Available records
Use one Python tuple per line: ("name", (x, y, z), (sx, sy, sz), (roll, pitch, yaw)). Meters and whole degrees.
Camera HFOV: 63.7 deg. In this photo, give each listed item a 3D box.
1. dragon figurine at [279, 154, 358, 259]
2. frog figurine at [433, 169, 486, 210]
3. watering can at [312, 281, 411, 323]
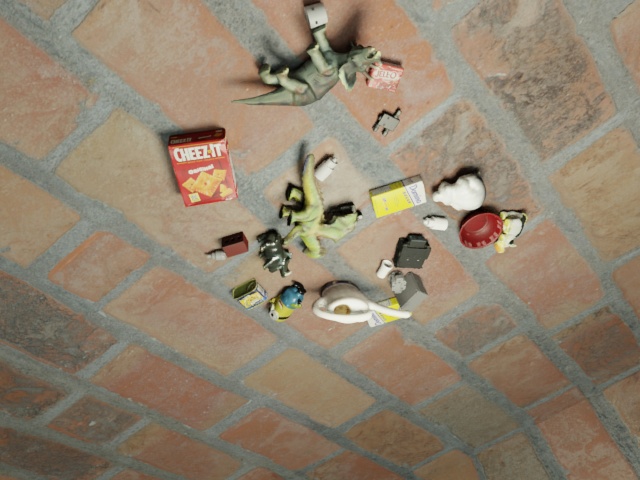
("dragon figurine", (0.005, -0.083, 1.659), (0.242, 0.125, 0.401), (10, 130, -20))
("frog figurine", (0.458, -0.153, 1.695), (0.160, 0.125, 0.134), (-13, 150, -15))
("watering can", (0.135, 0.234, 1.870), (0.348, 0.228, 0.102), (2, 110, -12))
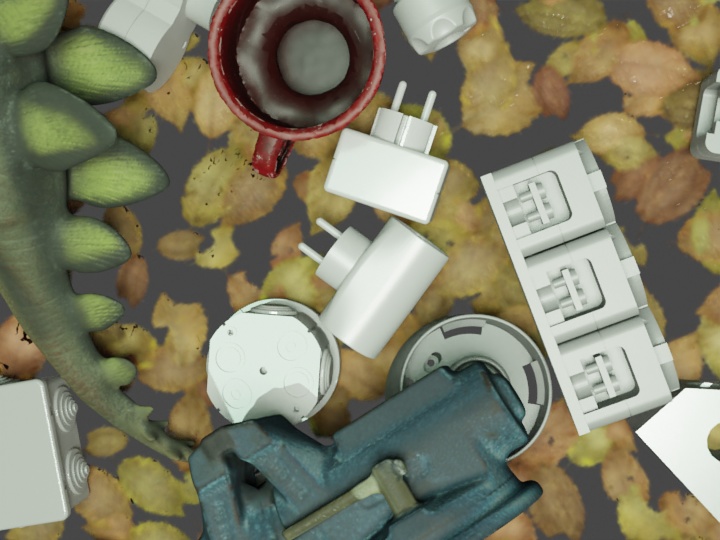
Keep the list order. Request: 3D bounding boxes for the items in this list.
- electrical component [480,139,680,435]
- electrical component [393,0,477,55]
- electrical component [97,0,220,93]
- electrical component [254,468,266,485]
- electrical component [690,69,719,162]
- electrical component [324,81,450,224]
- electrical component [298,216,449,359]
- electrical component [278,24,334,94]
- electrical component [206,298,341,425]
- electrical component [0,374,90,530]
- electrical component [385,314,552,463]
[{"bbox_3d":[0.125,0.007,0.616,0.062,0.089,0.150,-21,90,7],"label":"electrical component"},{"bbox_3d":[0.039,-0.164,0.643,0.043,0.043,0.062,-29,87,7],"label":"electrical component"},{"bbox_3d":[-0.097,-0.169,0.654,0.074,0.052,0.138,30,96,5],"label":"electrical component"},{"bbox_3d":[-0.032,0.158,0.658,0.050,0.056,0.089,-30,89,7],"label":"electrical component"},{"bbox_3d":[0.241,-0.083,0.616,0.089,0.056,0.050,10,93,6],"label":"electrical component"},{"bbox_3d":[0.023,-0.074,0.646,0.066,0.047,0.076,19,95,4],"label":"electrical component"},{"bbox_3d":[0.000,0.000,0.654,0.079,0.044,0.077,36,96,4],"label":"electrical component"},{"bbox_3d":[-0.031,-0.128,0.654,0.081,0.042,0.063,-10,95,8],"label":"electrical component"},{"bbox_3d":[-0.054,0.059,0.659,0.080,0.051,0.080,0,92,7],"label":"electrical component"},{"bbox_3d":[-0.226,0.116,0.683,0.100,0.048,0.099,-10,91,7],"label":"electrical component"},{"bbox_3d":[0.066,0.075,0.651,0.099,0.064,0.099,0,81,-2],"label":"electrical component"}]
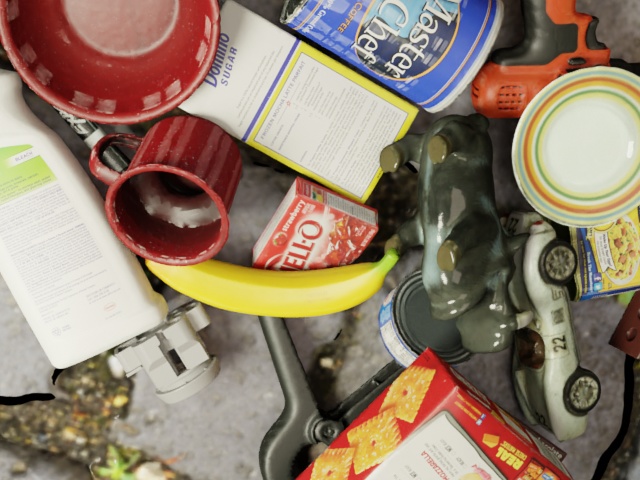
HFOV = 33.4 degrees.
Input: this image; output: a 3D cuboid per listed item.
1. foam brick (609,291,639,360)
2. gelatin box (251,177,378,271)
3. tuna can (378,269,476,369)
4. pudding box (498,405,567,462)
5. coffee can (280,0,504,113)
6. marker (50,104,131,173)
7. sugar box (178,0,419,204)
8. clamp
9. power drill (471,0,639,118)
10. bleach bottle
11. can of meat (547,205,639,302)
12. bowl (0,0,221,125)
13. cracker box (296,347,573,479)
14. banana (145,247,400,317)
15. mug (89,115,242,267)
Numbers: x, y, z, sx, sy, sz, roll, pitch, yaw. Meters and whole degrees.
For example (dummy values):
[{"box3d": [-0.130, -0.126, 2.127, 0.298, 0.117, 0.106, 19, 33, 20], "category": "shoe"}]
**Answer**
[{"box3d": [0.305, 0.074, 0.945, 0.051, 0.053, 0.078, 26, 93, -15], "category": "foam brick"}, {"box3d": [-0.006, 0.001, 0.856, 0.073, 0.030, 0.089, 23, 125, -16], "category": "gelatin box"}, {"box3d": [0.093, 0.069, 0.886, 0.086, 0.034, 0.086, 9, 64, -18], "category": "tuna can"}, {"box3d": [0.145, 0.191, 0.936, 0.113, 0.039, 0.090, 35, 91, -15], "category": "pudding box"}, {"box3d": [0.055, -0.176, 0.822, 0.140, 0.103, 0.103, 29, 92, -15], "category": "coffee can"}, {"box3d": [-0.189, -0.096, 0.824, 0.020, 0.020, 0.121, -41, 105, -3], "category": "marker"}, {"box3d": [-0.021, -0.108, 0.847, 0.176, 0.048, 0.093, 29, 94, -12], "category": "sugar box"}, {"box3d": [0.013, 0.154, 0.902, 0.164, 0.036, 0.210, 8, 94, -13], "category": "clamp"}, {"box3d": [0.219, -0.186, 0.859, 0.184, 0.057, 0.188, -3, 114, -10], "category": "power drill"}, {"box3d": [-0.213, -0.034, 0.808, 0.102, 0.068, 0.251, -25, 102, -7], "category": "bleach bottle"}, {"box3d": [0.246, -0.001, 0.918, 0.084, 0.057, 0.102, -10, 101, -9], "category": "can of meat"}, {"box3d": [-0.152, -0.170, 0.787, 0.162, 0.055, 0.162, 0, 118, 0], "category": "bowl"}, {"box3d": [0.074, 0.215, 0.861, 0.214, 0.072, 0.164, -46, 118, 8], "category": "cracker box"}, {"box3d": [-0.035, 0.031, 0.839, 0.198, 0.037, 0.069, -2, 125, 5], "category": "banana"}, {"box3d": [-0.116, -0.045, 0.804, 0.117, 0.081, 0.093, 23, 129, -7], "category": "mug"}]

Task goal
Lines from the start of the records through the one containing "2. frog figurine at [433, 169, 486, 210]" are what should be retyped, exactly and in full, both ends included.

Exercise result
Use one Python tuple per line: ("name", (x, y, z), (sx, sy, sz), (roll, pitch, yaw)). Meters and whole degrees.
Camera HFOV: 63.7 deg. In this photo, give each listed item a 3D box.
1. dragon figurine at [279, 154, 358, 259]
2. frog figurine at [433, 169, 486, 210]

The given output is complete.